Please reproduce exactly, and only, the lines from the one with "Give the scientific name of this moth." through the last line of the listing below, both ends included, leaving out the pictures.
──────────
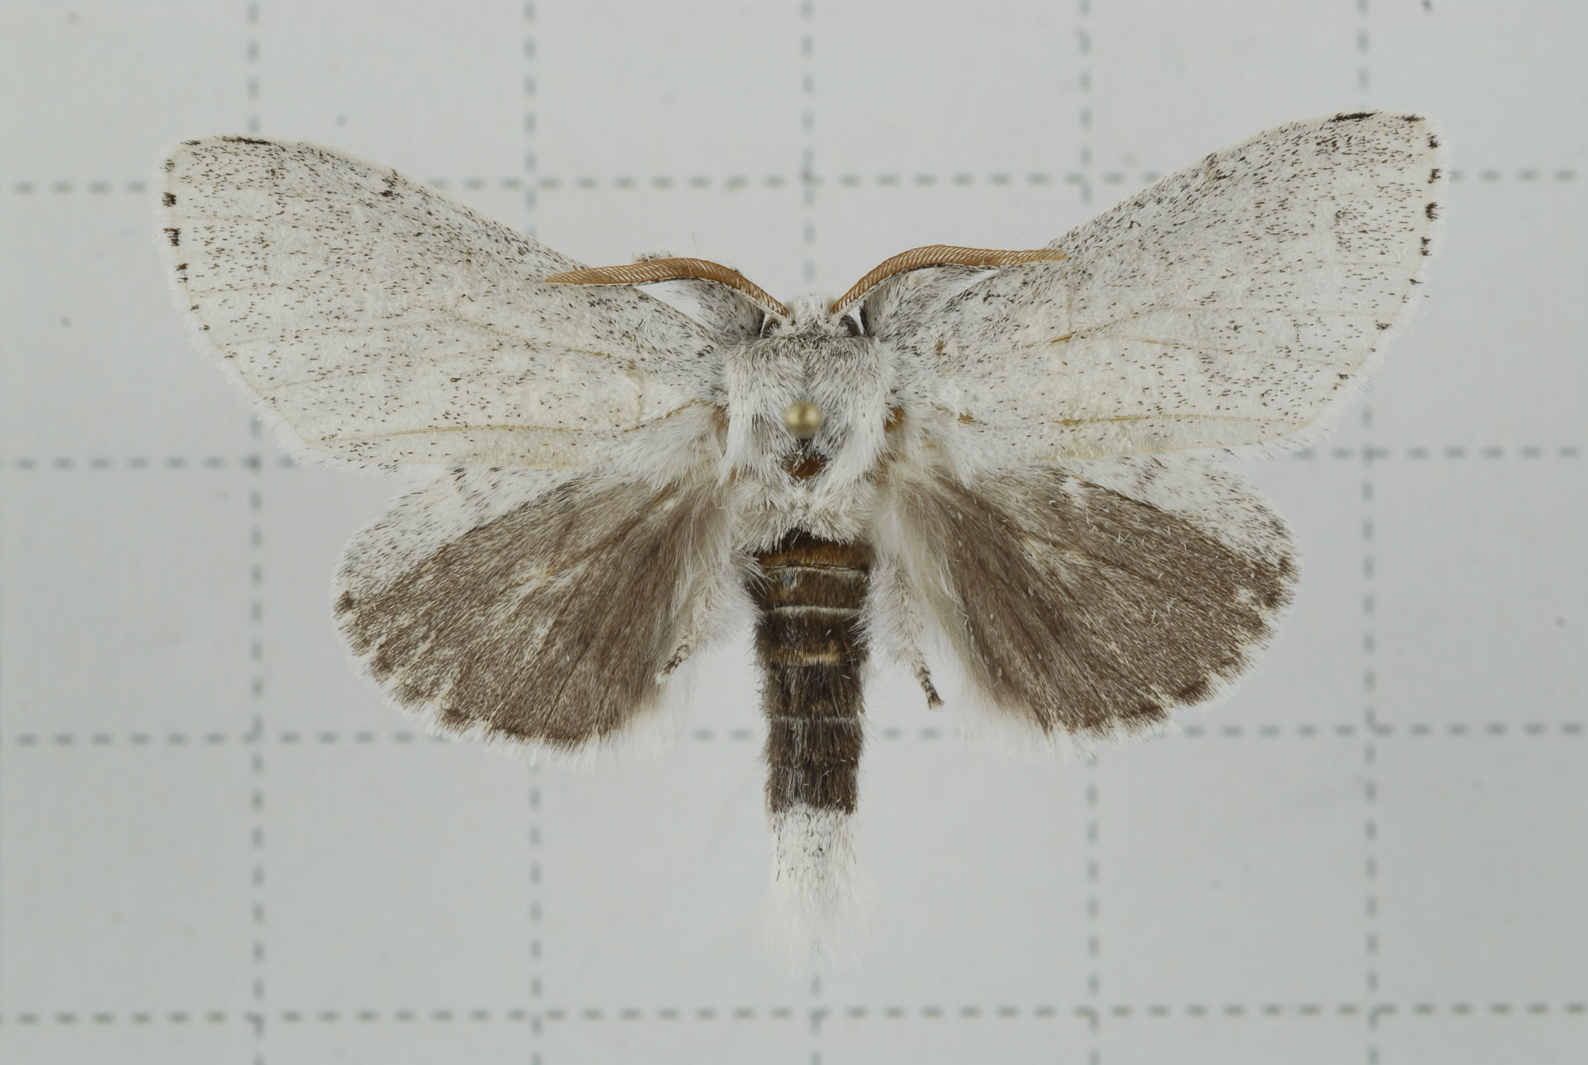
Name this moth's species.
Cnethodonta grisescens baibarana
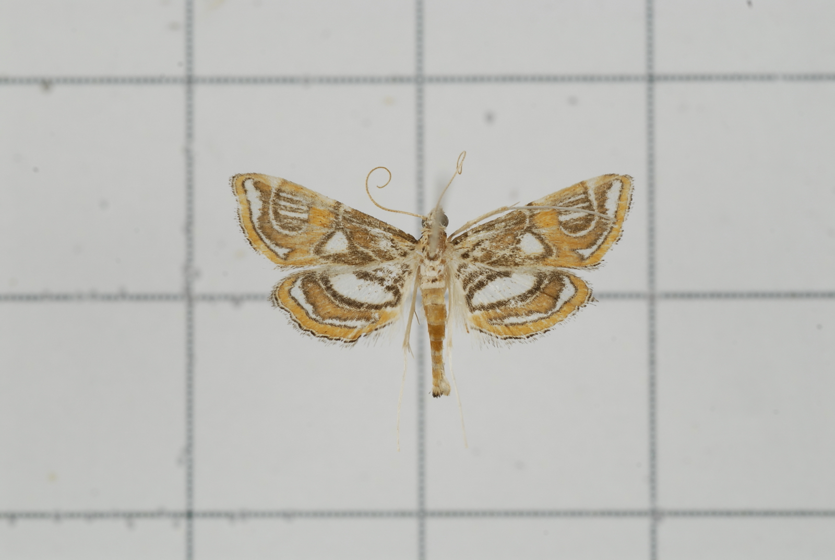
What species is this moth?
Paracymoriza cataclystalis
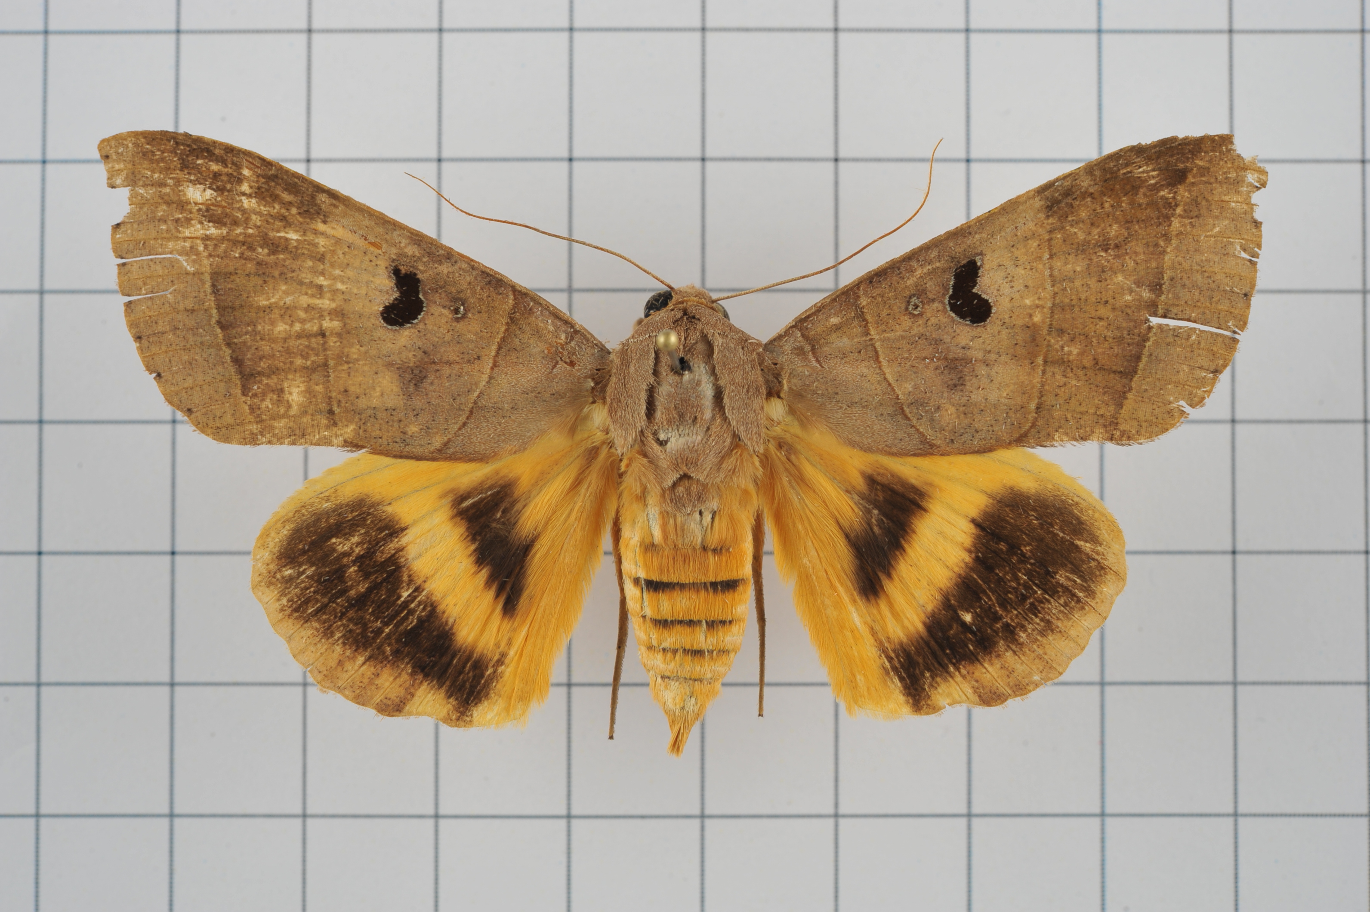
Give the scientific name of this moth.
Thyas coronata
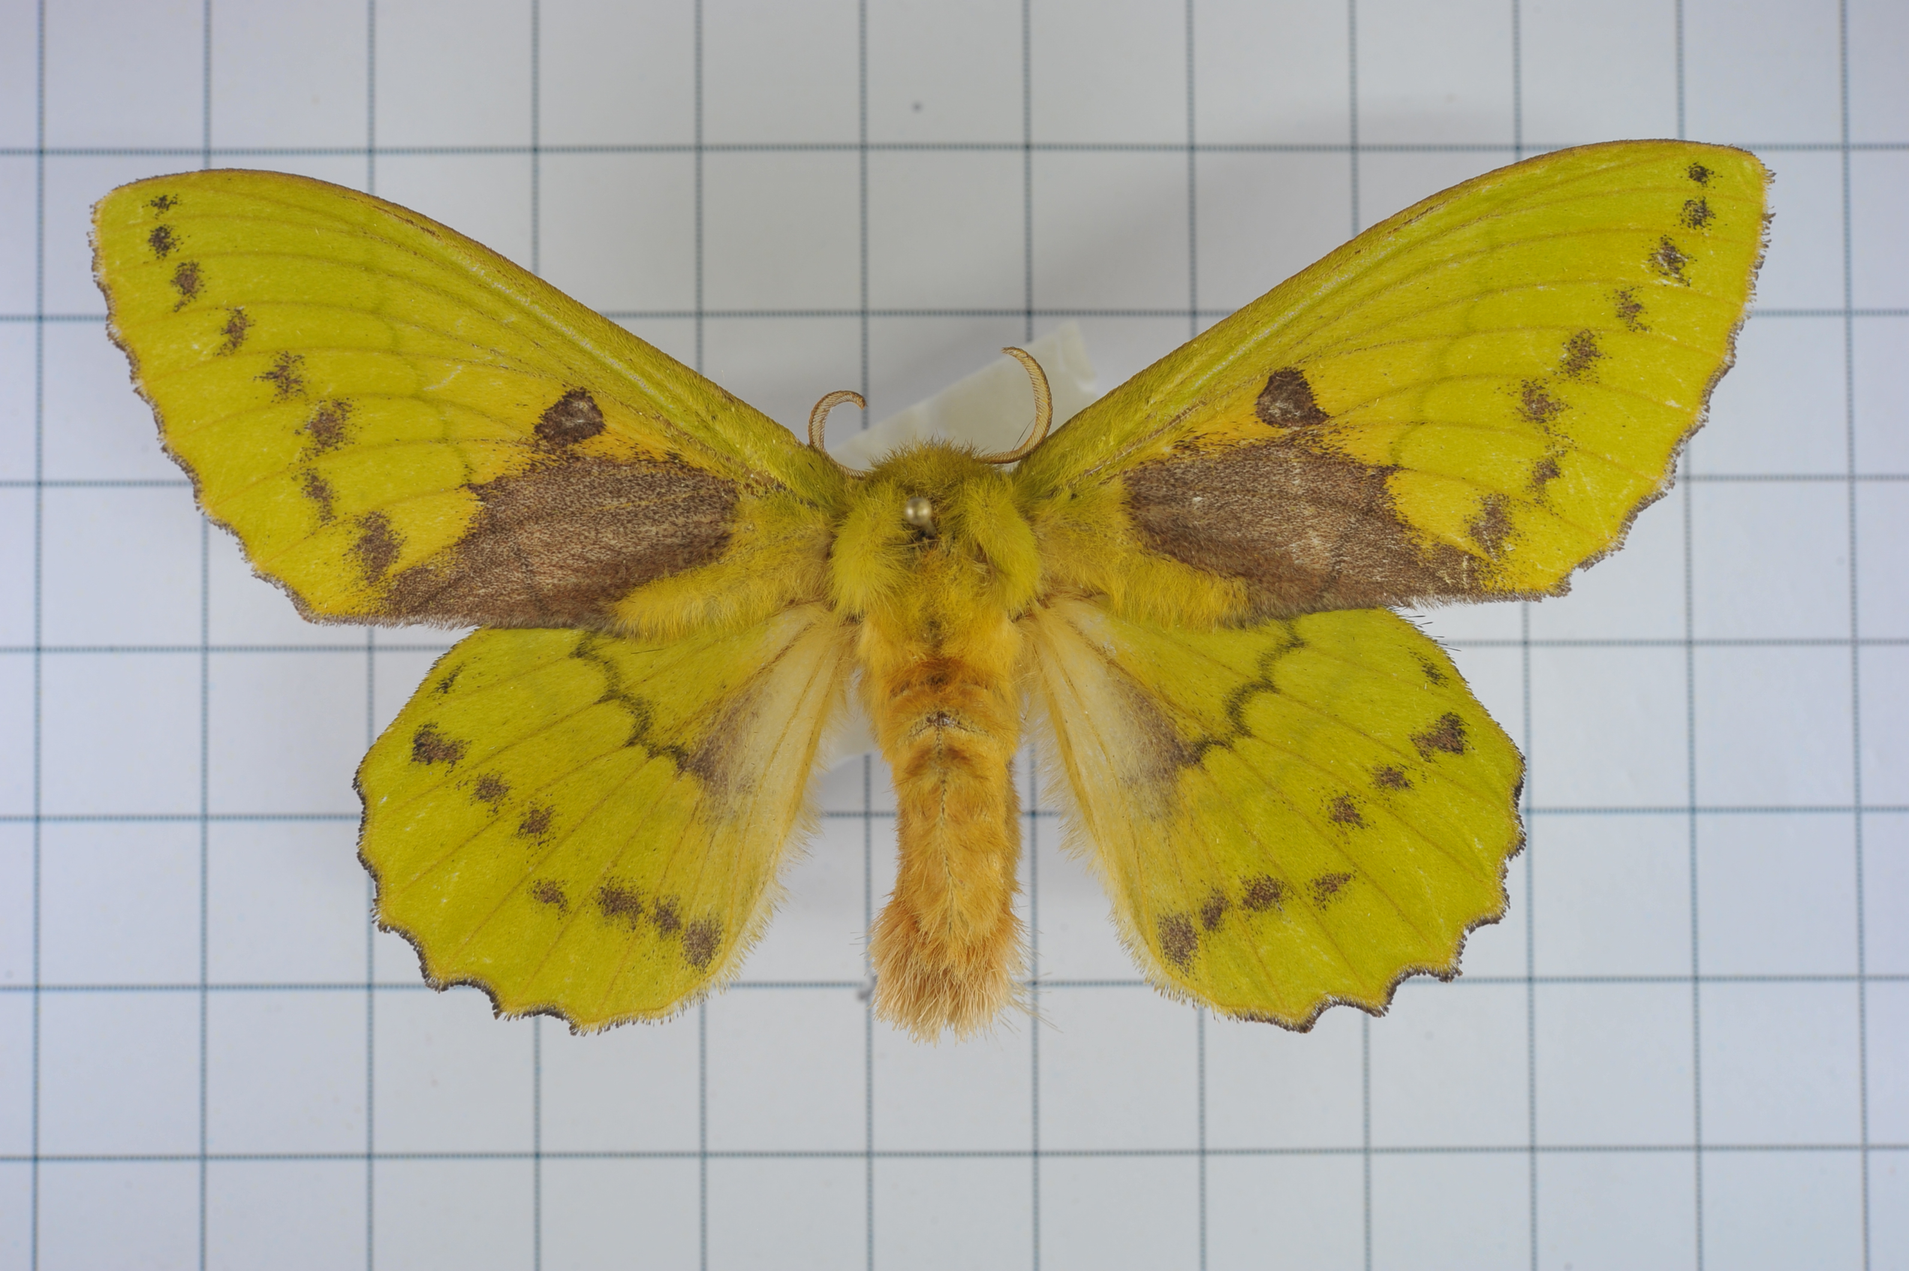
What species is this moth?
──────────
### Result of the task
Give the scientific name of this moth.
Thyas coronata
What species is this moth?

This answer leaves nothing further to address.